# monster 190 class taken



## skycruiser (Aug 7, 2009)

Incredible article about a MONSTER 190ish class taken within Columbus city limits. This dude already has 2 200 class bucks! great articles, flip through the pictures to read the entire story

http://www.fieldandstream.com/blogs/whitetail-365/2011/10/buckeye-state-ohio-typical-monster-buck










here's the article about the 2 200's. great stuff, and i dont even hunt!
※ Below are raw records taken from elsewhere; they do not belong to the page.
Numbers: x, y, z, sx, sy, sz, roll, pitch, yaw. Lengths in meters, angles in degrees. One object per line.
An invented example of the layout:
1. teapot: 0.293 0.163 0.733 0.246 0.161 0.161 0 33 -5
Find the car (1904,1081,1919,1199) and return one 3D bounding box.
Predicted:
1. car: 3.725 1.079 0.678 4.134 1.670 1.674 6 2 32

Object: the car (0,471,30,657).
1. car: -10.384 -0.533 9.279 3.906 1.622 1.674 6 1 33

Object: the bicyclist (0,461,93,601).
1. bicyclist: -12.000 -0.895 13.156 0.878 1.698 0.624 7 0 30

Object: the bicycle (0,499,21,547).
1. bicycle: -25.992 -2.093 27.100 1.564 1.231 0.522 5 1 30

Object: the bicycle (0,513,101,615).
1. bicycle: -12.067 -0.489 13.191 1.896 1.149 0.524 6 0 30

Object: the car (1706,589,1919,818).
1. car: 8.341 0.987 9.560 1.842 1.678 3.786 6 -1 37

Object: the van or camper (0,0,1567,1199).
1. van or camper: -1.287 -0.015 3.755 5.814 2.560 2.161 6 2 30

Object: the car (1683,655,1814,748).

http://www.fieldandstream.com/photo...pter-hunter-arrows-monster-ohio-buck-crossbow


----------



## rackman323 (Jul 13, 2007)

Very nice buck. There is an interesting thread on archerytalk about these guys. I know the area they hunt. Alot of big urban deer around that area


----------



## wildman (Sep 3, 2008)

No, he didn't he had news of the kill by anouther hunter... nice deer...


----------



## Fishstix (Aug 16, 2005)

A true hog...It doesn't surprise me. I've seen HUGE buck all over C-bus.


----------



## mpd5094 (Jun 20, 2005)

Wow!! That's all I can say!


----------



## Seahorse (Aug 25, 2009)

is his hands bigger than his head in real life, or only in this bogus picture?


----------



## Gobi Muncher (May 27, 2004)

It's legal to hunt within city limits??? i know of a couple areas around Beavercreek that have nice ones (nothing like that beast that I am aware of) but definite Ohio Big Buck quality, but haven't done anything since I thought you had to hunt outside city limits.


----------



## Fish-N-Fool (Apr 12, 2004)

Gobi - you must check the city or municipality rules...most don't permit hunting. Those that do permit hunting often have additional rules you must follow in addition to the state's rules. Some even make you check in with the police department each time you hunt. Never hurts to investigate an area and find out what the rules are!


----------



## Scum_Frog (Apr 3, 2009)

Seahorse...photo isnt bogus....and his hands look huge because he is doing the fishermans truck and holding his arms straight out and sitting away from the buck....so thats why it looks weird. This guy has shot monster deer for a while now so it doesnt come far fetch with this guy.....but ya big bucks in city limits....common to see/smell people.....i think his chances would be good.


----------



## Mushijobah (May 4, 2004)

No hunting in Franklin County boys....stay out...


----------